> TASK DETAILS
Which lines in the data below contain the word "along"? Return each of them.

______________________________

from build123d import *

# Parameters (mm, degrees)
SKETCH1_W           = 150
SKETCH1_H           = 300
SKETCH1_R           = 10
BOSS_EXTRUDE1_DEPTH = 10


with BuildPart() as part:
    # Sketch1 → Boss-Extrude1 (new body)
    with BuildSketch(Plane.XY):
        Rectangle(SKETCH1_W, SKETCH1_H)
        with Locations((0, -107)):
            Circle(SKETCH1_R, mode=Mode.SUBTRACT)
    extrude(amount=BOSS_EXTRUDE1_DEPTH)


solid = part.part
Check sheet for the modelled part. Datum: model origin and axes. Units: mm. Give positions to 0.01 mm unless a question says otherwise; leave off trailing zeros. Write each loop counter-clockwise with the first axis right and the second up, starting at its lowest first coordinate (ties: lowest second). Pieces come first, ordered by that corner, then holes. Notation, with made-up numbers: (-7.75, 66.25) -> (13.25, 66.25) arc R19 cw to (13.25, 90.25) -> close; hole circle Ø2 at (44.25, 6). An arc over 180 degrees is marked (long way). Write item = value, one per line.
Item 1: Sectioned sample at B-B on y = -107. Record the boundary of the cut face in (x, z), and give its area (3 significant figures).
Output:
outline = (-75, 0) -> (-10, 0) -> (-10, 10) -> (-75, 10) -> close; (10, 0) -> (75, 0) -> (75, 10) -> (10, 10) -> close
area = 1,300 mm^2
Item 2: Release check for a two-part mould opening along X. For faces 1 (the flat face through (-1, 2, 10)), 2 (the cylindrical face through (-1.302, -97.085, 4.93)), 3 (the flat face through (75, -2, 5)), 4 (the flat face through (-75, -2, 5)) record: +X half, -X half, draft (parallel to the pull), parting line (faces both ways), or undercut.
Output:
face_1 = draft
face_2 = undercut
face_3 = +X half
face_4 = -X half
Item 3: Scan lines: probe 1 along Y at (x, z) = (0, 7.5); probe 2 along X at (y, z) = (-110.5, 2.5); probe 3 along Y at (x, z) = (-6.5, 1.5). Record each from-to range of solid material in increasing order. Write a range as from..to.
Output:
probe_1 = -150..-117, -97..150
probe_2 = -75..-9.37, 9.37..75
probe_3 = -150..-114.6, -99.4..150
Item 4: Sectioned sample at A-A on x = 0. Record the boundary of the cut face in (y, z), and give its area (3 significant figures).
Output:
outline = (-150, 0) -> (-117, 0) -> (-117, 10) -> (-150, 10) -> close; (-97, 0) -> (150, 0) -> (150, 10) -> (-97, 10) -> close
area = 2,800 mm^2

______________________________

> OUTPUT BELOW
Item 2: Release check for a two-part mould opening along X. For faces 1 (the flat face through (-1, 2, 10)), 2 (the cylindrical face through (-1.302, -97.085, 4.93)), 3 (the flat face through (75, -2, 5)), 4 (the flat face through (-75, -2, 5)) record: +X half, -X half, draft (parallel to the pull), parting line (faces both ways), or undercut.
Item 3: Scan lines: probe 1 along Y at (x, z) = (0, 7.5); probe 2 along X at (y, z) = (-110.5, 2.5); probe 3 along Y at (x, z) = (-6.5, 1.5). Record each from-to range of solid material in increasing order. Write a range as from..to.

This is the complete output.